前期准备
数据集准备:
1、图像准备:首先获取所研究的目标的游戏的道具截图:
2、标签准备
由于没有标准的标签数据,为了快速制作数据集标签,借助Qwen2-VL-2B-OCR"https://huggingface.co/JackChew/Qwen2-VL-2B-OCR/tree/main"模型对图像进行初步识别,将识别的结果作为标签,为了微调的效果,需要对表标签质量进行把关,针对你的应用场景,归纳出目标游戏道具的一些固定字段,特殊字段,字段的组合,字段的取值范围,等等知识结合起来,对有错误的标签进行修正,直到标签全部正确。

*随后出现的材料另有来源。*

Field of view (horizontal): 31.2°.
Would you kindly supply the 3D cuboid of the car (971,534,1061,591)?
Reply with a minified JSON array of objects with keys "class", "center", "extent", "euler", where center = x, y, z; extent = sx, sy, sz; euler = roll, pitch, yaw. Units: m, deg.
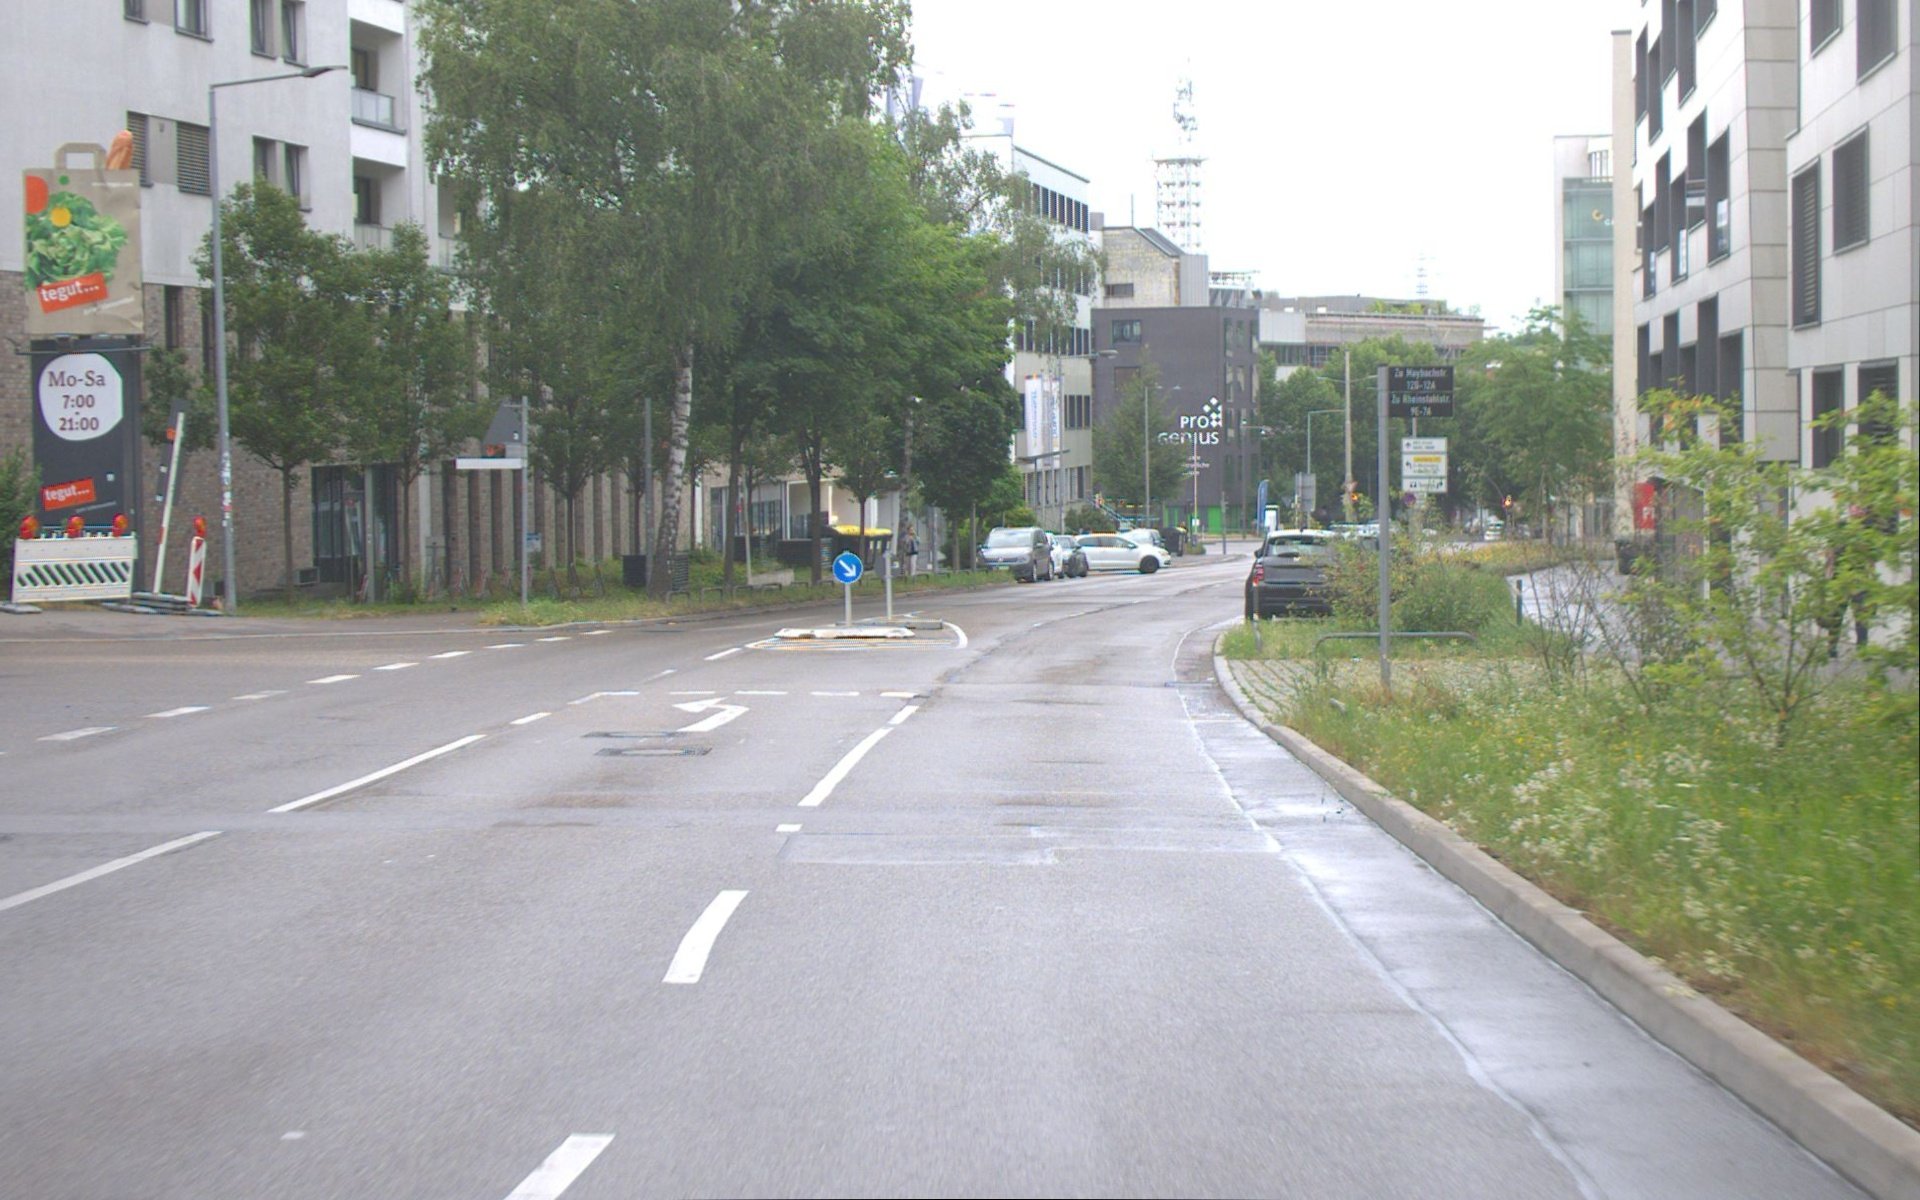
[{"class":"car","center":[1.712,-1.152,102.828],"extent":[2.078,1.603,4.684],"euler":[-1,1,8]}]

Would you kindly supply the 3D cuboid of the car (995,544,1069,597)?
[{"class":"car","center":[2.285,-0.947,108.060],"extent":[1.774,1.595,4.030],"euler":[0,1,9]}]

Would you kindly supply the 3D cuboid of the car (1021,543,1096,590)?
[{"class":"car","center":[3.253,-1.084,112.688],"extent":[1.797,1.511,4.243],"euler":[0,0,11]}]

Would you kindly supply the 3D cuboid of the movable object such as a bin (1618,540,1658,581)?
[{"class":"movable object such as a bin","center":[21.846,-1.267,110.719],"extent":[1.235,1.315,1.191],"euler":[-1,0,12]}]

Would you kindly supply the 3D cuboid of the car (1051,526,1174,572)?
[{"class":"car","center":[5.303,-1.768,119.615],"extent":[3.982,1.571,2.001],"euler":[0,1,-8]}]

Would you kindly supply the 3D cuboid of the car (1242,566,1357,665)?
[{"class":"car","center":[5.522,0.224,55.574],"extent":[1.546,1.473,3.659],"euler":[0,2,10]}]

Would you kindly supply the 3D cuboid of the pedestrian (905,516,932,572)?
[{"class":"pedestrian","center":[-1.237,-1.677,103.395],"extent":[0.708,1.677,0.956],"euler":[0,1,5]}]

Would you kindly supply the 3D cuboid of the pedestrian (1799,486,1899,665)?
[{"class":"pedestrian","center":[9.062,-0.247,35.069],"extent":[0.822,1.790,0.778],"euler":[-1,0,4]}]

按照qwen2vl需要的训练数据格式对数据进行预处理,对应的函数如下:
# 获取数据
instruction = "识别图像中的文字内容,并按照顺序输出结果"
from PIL import Image
def convert_to_conversation(sample):
conversation = [
{ "role": "user",
"content" : [
{"type" : "text", "text" : instruction},
{"type" : "image", "image" : Image.open(sample['conversations'][0]['value'].split('/')[-1]).convert("RGB")} ]
},
{ "role" : "assistant",
"content" : [
{"type" : "text", "text" : sample['conversations'][1]['value']} ]
},
]
return { "messages" : conversation }
pass
对图像,进行缩放,二值化,等等一系列操纵,最终获得数据集6W条
环境安装
由于显卡资源的限制,以及训练时间的成本控制,也借鉴其他人的微调经验,最后选择了使用unsloth框架进行微调,框架安装请按照unsloth官网进行(过程很曲折,请自行解决)
微调开始
- 导入需要的库
from unsloth import FastLanguageModel
import os
# 设置缓存路径到D盘
os.environ["HF_DATASETS_CACHE"] = "D:/huggingface/datasets"
os.environ["TRANSFORMERS_CACHE"] = "D:/huggingface/transformers"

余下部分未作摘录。